Assignment — Find every line in the records that holds the string "minimum". Copy each one.

Records supplied —
*** Block opens ***

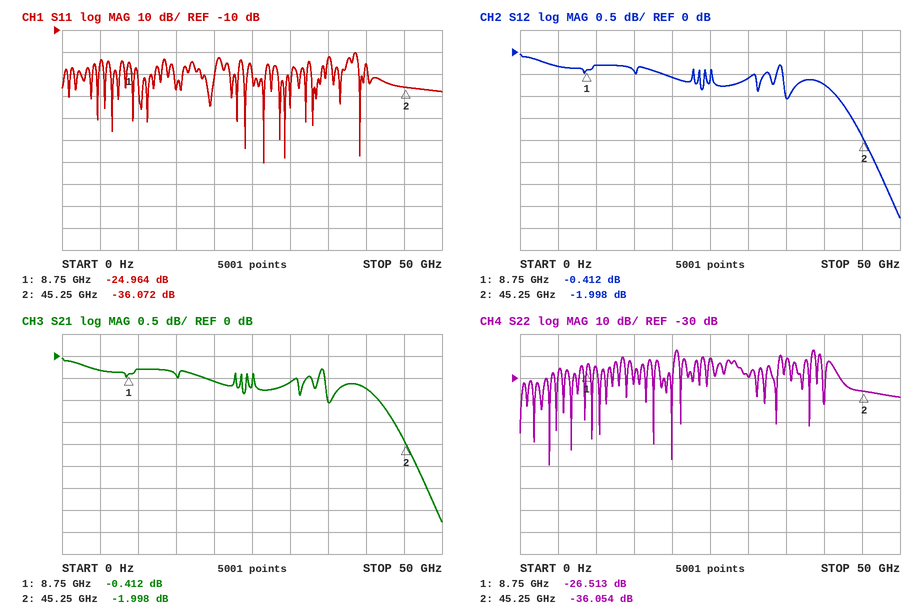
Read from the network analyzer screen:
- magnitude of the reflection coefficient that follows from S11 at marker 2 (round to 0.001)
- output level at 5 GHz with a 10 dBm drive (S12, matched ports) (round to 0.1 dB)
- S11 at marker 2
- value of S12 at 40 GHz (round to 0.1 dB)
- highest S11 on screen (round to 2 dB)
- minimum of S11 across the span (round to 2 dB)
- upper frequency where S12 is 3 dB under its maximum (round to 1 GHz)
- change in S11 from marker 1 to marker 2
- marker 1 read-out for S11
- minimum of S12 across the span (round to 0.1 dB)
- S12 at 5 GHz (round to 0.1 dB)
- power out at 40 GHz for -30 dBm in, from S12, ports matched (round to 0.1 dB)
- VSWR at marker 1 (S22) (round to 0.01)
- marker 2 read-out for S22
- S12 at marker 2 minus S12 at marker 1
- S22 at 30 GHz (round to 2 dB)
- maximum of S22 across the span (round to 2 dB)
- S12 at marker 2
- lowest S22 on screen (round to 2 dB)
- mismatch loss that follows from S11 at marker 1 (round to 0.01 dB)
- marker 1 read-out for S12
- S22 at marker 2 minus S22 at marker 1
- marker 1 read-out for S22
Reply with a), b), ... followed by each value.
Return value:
a) 0.016
b) 9.7 dBm
c) -36.072 dB
d) -0.7 dB
e) -20 dB
f) -70 dB
g) 48 GHz
h) -11.108 dB
i) -24.964 dB
j) -3.8 dB
k) -0.3 dB
l) -30.7 dBm
m) 1.10
n) -36.054 dB
o) -1.586 dB
p) -30 dB
q) -18 dB
r) -1.998 dB
s) -70 dB
t) 0.01 dB
u) -0.412 dB
v) -9.541 dB
w) -26.513 dB
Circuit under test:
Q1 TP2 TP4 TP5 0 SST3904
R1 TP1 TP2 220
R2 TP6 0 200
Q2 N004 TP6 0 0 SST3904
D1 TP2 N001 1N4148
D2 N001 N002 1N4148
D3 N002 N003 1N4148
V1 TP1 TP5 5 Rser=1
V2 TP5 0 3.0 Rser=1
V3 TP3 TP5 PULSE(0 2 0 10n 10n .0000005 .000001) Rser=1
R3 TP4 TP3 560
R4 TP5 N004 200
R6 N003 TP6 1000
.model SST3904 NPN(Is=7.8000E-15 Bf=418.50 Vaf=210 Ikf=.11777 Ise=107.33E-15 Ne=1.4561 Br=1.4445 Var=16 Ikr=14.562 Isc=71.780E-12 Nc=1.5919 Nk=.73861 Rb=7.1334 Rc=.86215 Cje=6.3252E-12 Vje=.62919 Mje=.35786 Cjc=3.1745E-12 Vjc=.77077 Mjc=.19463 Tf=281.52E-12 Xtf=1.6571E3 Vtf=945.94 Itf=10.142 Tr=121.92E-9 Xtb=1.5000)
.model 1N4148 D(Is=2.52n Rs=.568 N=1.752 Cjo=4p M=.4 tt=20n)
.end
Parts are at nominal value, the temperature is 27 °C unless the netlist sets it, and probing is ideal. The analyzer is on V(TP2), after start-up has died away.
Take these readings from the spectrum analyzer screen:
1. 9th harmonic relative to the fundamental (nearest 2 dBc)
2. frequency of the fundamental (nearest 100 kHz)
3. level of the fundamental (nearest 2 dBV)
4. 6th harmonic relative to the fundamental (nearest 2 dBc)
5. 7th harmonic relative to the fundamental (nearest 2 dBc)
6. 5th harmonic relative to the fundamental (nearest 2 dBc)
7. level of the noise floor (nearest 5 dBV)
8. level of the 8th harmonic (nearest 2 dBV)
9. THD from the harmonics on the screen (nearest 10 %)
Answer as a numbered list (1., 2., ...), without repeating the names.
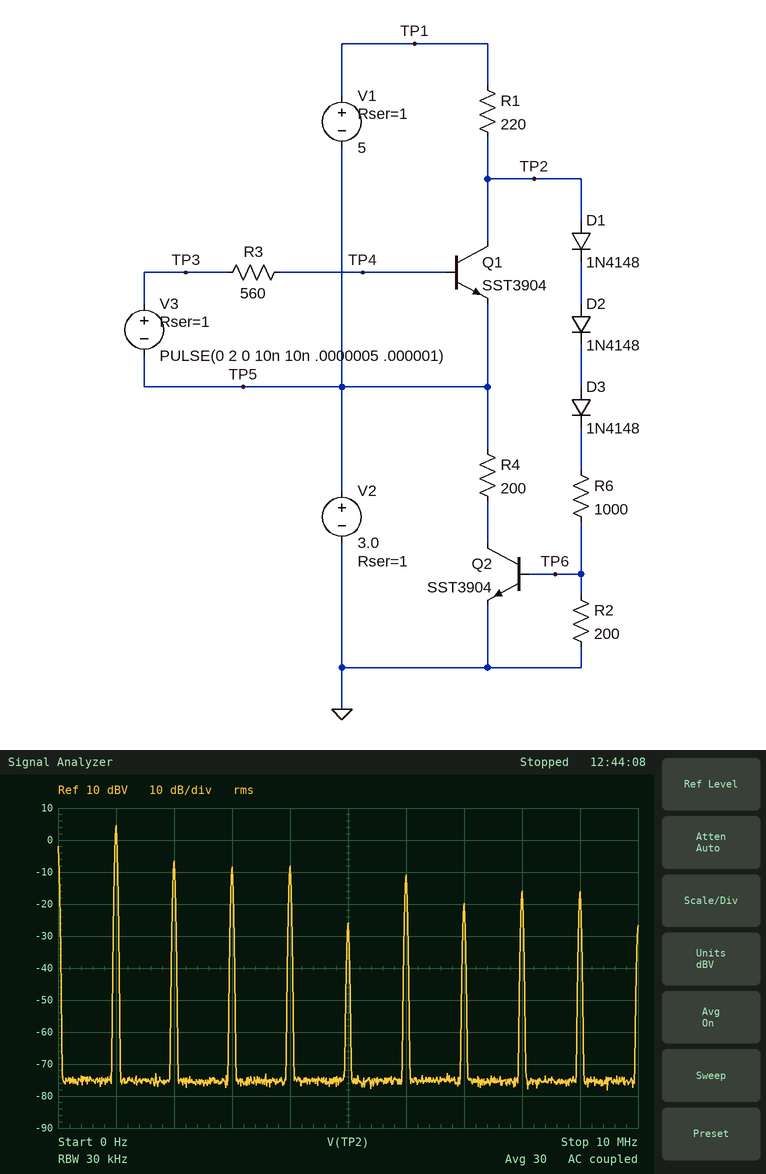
1. -20 dBc
2. 1.0 MHz
3. 4 dBV
4. -16 dBc
5. -24 dBc
6. -30 dBc
7. -75 dBV
8. -16 dBV
9. 50 %
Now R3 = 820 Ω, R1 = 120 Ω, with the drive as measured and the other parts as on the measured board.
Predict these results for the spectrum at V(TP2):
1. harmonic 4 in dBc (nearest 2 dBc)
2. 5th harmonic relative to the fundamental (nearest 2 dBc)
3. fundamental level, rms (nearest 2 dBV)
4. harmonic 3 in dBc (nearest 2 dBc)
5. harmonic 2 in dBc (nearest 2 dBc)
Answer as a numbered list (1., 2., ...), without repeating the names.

*** Block closes ***

Response below —
- minimum of S11 across the span (round to 2 dB)
- minimum of S12 across the span (round to 0.1 dB)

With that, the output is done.